This story originally appeared on Spotlight PA.
Fewer than half of the local candidates identified by Votebeat and Spotlight PA as having alleged fraud in elections or expressed doubts about election security won their primaries in mid-May. But a majority of those who did are now expected to win their races in November, putting them in a position to shape how their counties run the 2024 elections.
Out of those 18 county commissioner and county council candidates who won their primaries, all of whom are Republican, eight went so far as to say the 2020 election had been stolen from former President Donald Trump, was fraudulent, or otherwise said there is a conspiracy to steal elections.
The primary election results have not yet been certified, and write-in or provisional ballots could impact some outcomes, such as thin margins in Huntingdon and Potter Counties.
Trump is a leading candidate for the 2024 Republican nomination for president. He, and other candidates, have repeatedly shown they are willing to continue claiming elections are tainted with fraud, even without evidence. That means county commissioners and other local officials in critical swing states such as Pennsylvania could again face pressure to support such claims, especially those who have signaled they are open to supporting them.
In light of that, experts say it’s good news that a majority of the local candidates who promoted false claims and conspiracy theories about elections did not win.
“It felt as if voters in some places clearly prioritized what was important to them in terms of their county leaders, particularly in some of those counties where their commissioners had engaged in election conspiracy theories,” said Jeff Greenburg, a former election director in Mercer County who now works as a senior advisor on election administration for the Philadelphia-based nonprofit Committee of Seventy. “So I think that, in and of itself, was a positive.”
Still, some did win. And most of the 18 winning candidates won primaries in counties where Republicans have a registration advantage over Democrats, meaning those candidates are favorites to win in November as well.
In three counties — Butler, Lancaster, and Schuylkill — candidates who have alleged fraud in elections or expressed doubts about election security are likely to make up a majority of the board of commissioners.

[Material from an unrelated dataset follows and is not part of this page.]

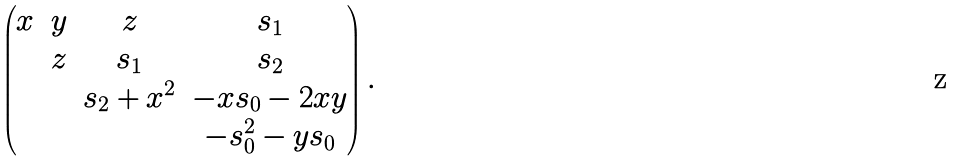Convert formula to latex. <formula><loc_0><loc_0><loc_500><loc_500>\begin{pmatrix} x & y & z & s _ { 1 } \\ & z & s _ { 1 } & s _ { 2 } \\ & & s _ { 2 } + x ^ { 2 } & - x s _ { 0 } - 2 x y \\ & & & - s _ { 0 } ^ { 2 } - y s _ { 0 } \end{pmatrix} .</formula> 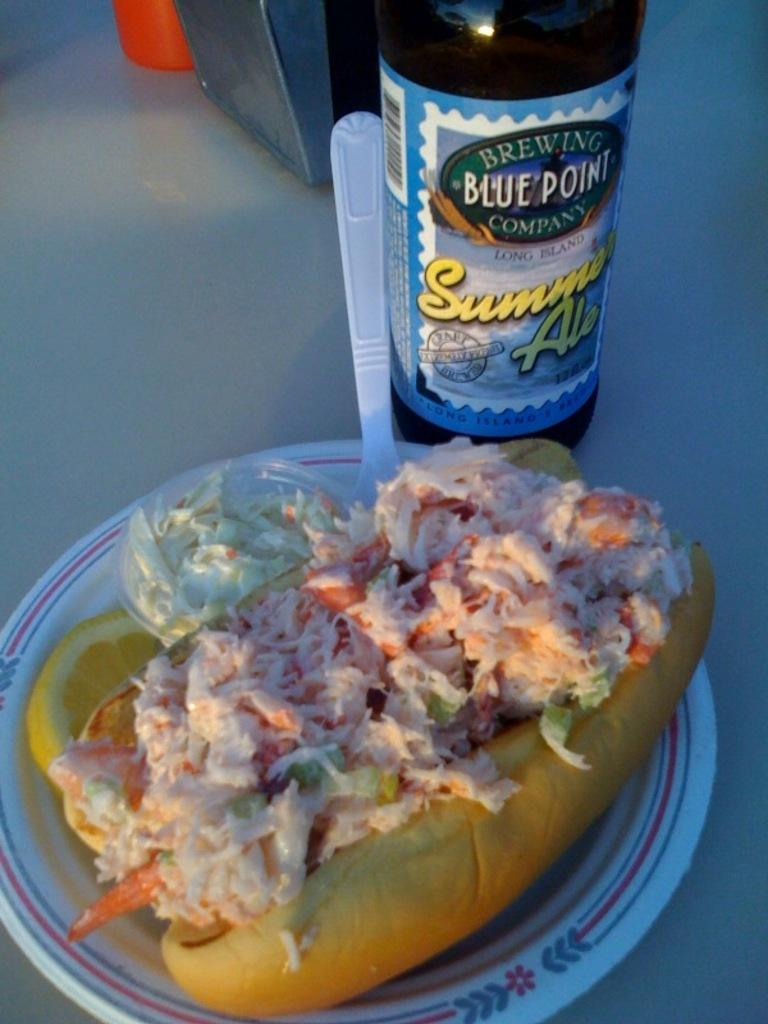<image>
Offer a succinct explanation of the picture presented. A bottle of Summer Ale from Blue Point Brewing Company is on a table next to a plate of food.

Commissioners determine the locations of voting precincts, set election budgets, hire election directors, and — until state law changes or courts rule differently — make consequential decisions about the rules voters follow, such as whether they can submit a mail ballot via a drop box or if they’re given an opportunity to fix a flawed mail ballot.
Their beliefs about elections will guide those decisions.
Take Lackawanna County Commissioner Chris Chermak, who said mail ballots and drop boxes are convenient but “another way to cheat the system.” Another, Ray D’Agostino, an incumbent Republican commissioner in Lancaster County, has suggested that allowing voters to fix signature and date errors on their mail ballots is a violation of the equal protection clause of the U.S. Constitution’s 14th Amendment.
Bradford County Commissioner Doug McLinko has repeatedly boosted Trump’s false claims that the 2020 election was fraudulently won and has helped to organize other activists for the cause.
“I got some good news,” he told a crowd last spring while trying to mobilize an army of poll watchers alongside Trump ally Cleta Mitchell. “Donald Trump did not lose Pennsylvania. He did not lose Pennsylvania.”
Trump did in fact lose Pennsylvania.
Marian Schneider, senior voting rights policy counsel at the ACLU of Pennsylvania, said she’s encouraged that only 18 such candidates won, and believes some of those aren’t assured of victory in November, particularly in counties such as Lancaster, where voter demographics have shifted.
“So the message I want to convey is people really need to understand who is on the ballot and go out and vote,” she said.